Monday, January 25, 2010

So, you're a lumberjack?

Today I went to the woods to take some tree measurements. The stand we wanted to work on was thinned, so we had to go to a different stand on North Forest. It hadn't been thinned recently, so there was a lot of understory growth and suppressed trees. It was a very windy day, and the young trees of this stand were so limber from the youth and from all the recent rain that they were blowing above us like green, tufted feathers.

Taking tree measurements is pretty easy and fun. You just go out there and measure diameter with a d-tape and height with (today we used) a Haga Altimeter. Then you record and repeat. The whole time you are out there working it's just kind of pleasant. I can't help but thinking, wow, I am so lucky that this is what I do.

One of the reasons I really enjoy the prof I am TA-ing for this term is that he is just absolutely passionate about trees. He really knows "everything there is to know" about ecology. Today as we were working he would go off and find leaves or cones from trees I didn't even notice; it turns out we were right next to Clemson's old arboretum, so a lot of strange species were out there. Like China-Fir or Table Mountain Pine. He just loves the woods. I love the woods.

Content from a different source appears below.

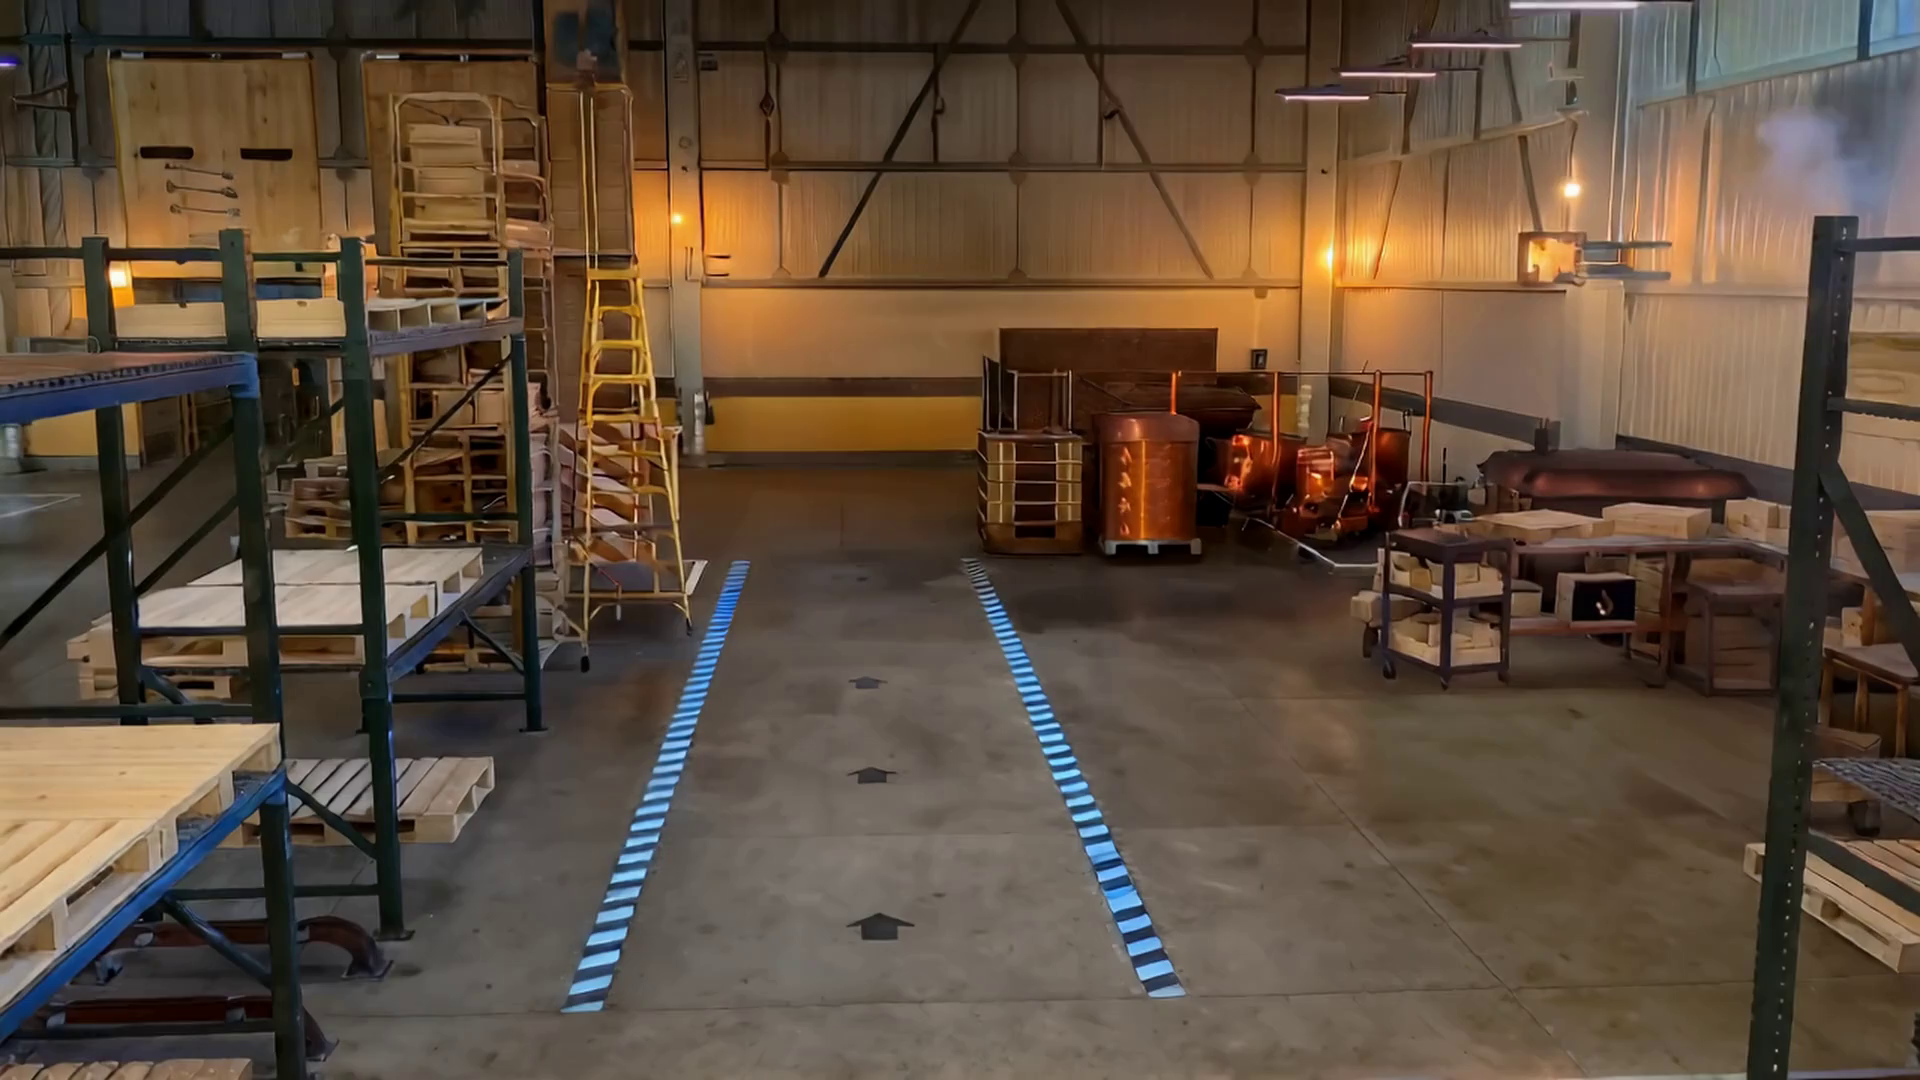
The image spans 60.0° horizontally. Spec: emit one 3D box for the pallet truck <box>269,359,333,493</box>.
[{"bbox_3d":[-7.062,-1.131,18.996,1.885,1.965,0.823,2,9,13],"label":"pallet truck"}]

To me, being in the woods feels like I am being healed. I breathe and the trees siphon through themselves all the junk and stress. I feel the wet soil encroach on my feet through my boots. Twigs scratch at my face. Dirt climbs under my fingernails. I feel completely alive.


1 comment:

  1. That sounds awesome...I love my work, but if there was one thing I could could change about biophysics, it would be to add an outdoors "field work" component to it! Oh well...I guess I can still wander through the mountains, and think about physics...that's almost as good.